Assim como acontece com os barbetes do outro lado do mundo, o equilíbrio de poder é desproporcional. Mas os escravos não desistem, e a natureza (sinônimo: febre amarela) finaliza o trabalho.
"Foi uma das maiores derrotas do exército napoleônico. Dos 40.000 homens que partiram inicialmente, aos quais foram adicionados reforços, apenas 10.000 retornaram à França", diz Marie-Christine Stigset, lembrando que esta foi a única colônia escravista onde a revolta teve sucesso.
A independência foi proclamada em 1804. Saint-Domingue tornou-se o Haiti, a primeira república negra do mundo. Mais uma vez, teve vida curta. Poucos meses depois, o segundo em comando de Toussaint Louverture proclamou-se imperador... Apesar das dificuldades, o país foi reconstruído.
Triste aniversárioEm 1825, o Haiti exigiu o reconhecimento de sua independência.

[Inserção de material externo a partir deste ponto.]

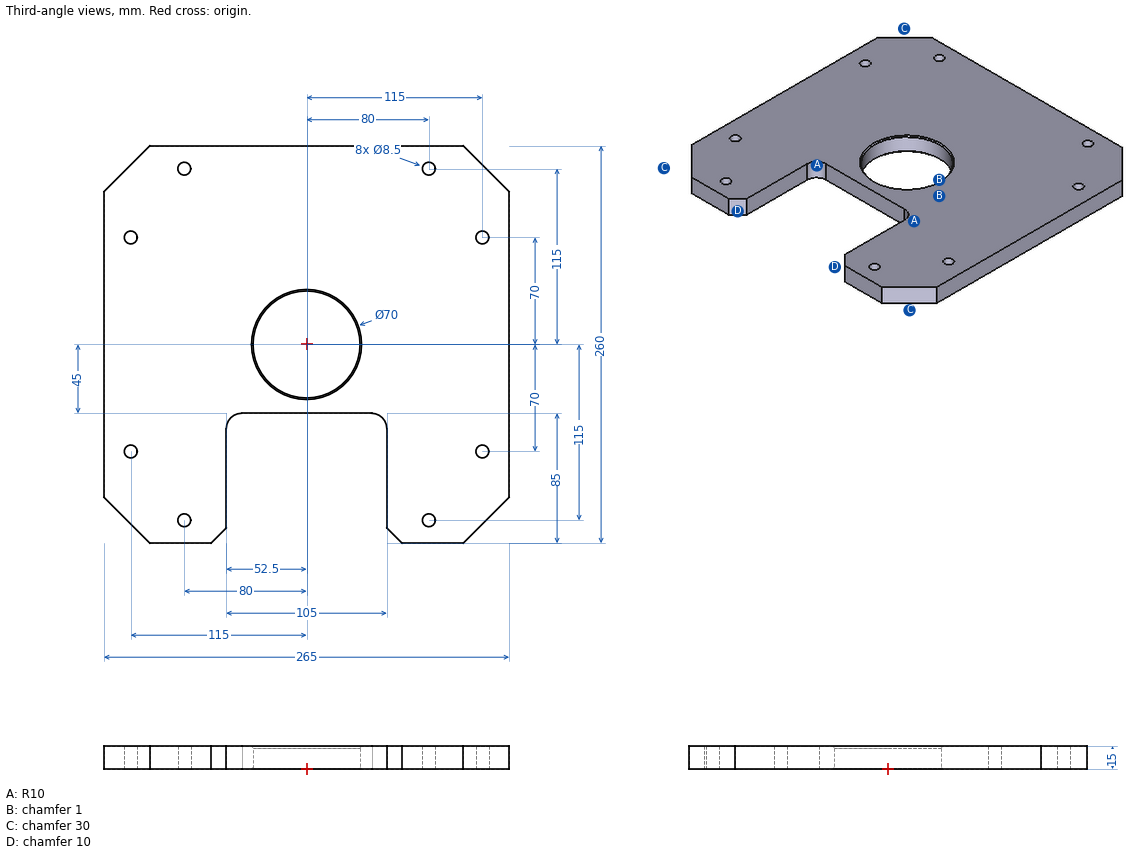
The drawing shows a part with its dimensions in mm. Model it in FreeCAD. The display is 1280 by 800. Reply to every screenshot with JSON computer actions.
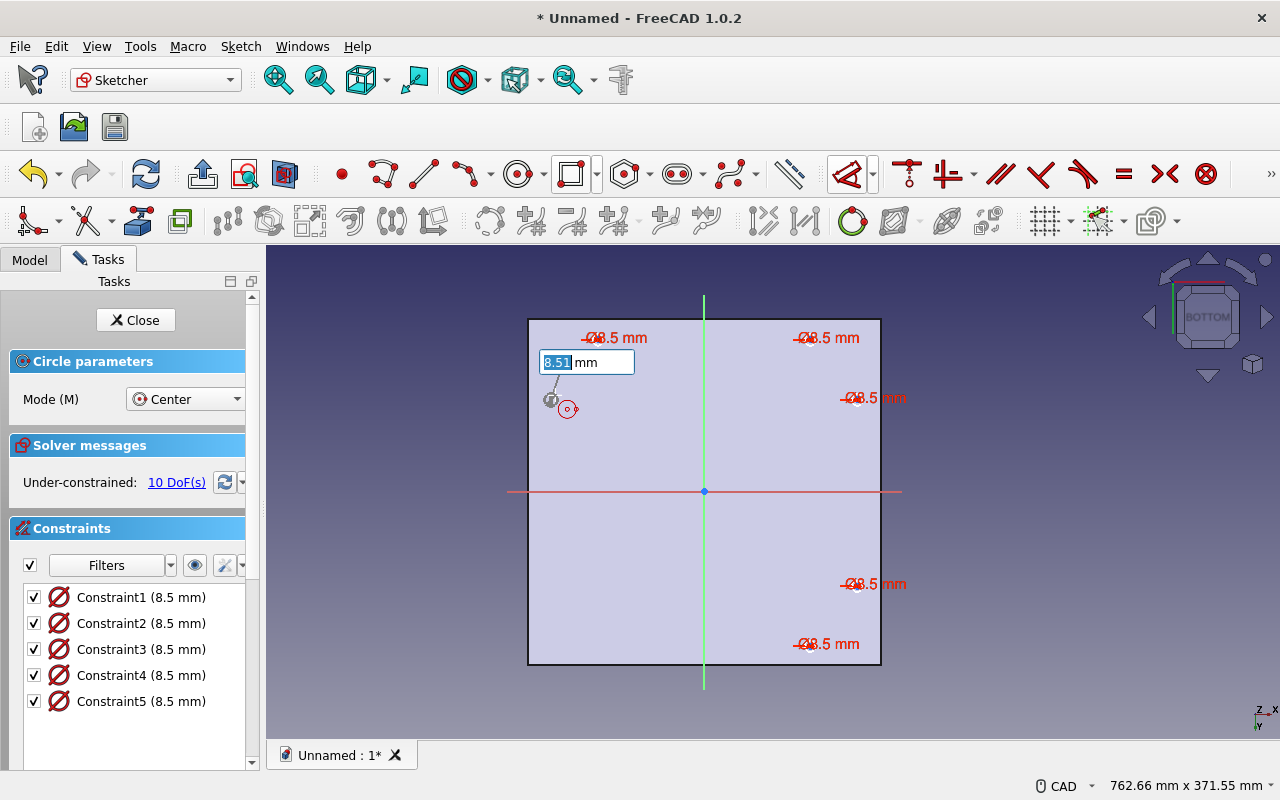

A França concordou em troca de um "resgate astronômico". Carlos X exigiu que o Haiti lhe pagasse 150 milhões de francos-ouro (cerca de 700 milhões de euros) para compensar os ex-colonos. "Todo o dinheiro que deveria ter sido gasto em infraestrutura, comércio, educação e saúde desapareceu." O resultado foi a destruição econômica, política e ecológica.
Um cálculo rápido mostrará que o tema é decididamente atual. 2025 marca o bicentenário da "dupla dívida" sem precedentes imposta pela França à sua ex-colônia. Como parte deste aniversário, o presidente Macron anunciou a criação de uma comissão franco-haitiana de historiadores encarregada de estudar o impacto desse pesado tributo na ilha.
Missão cumprida para Marie-Christine Stigset: sua história ainda flerta com a História.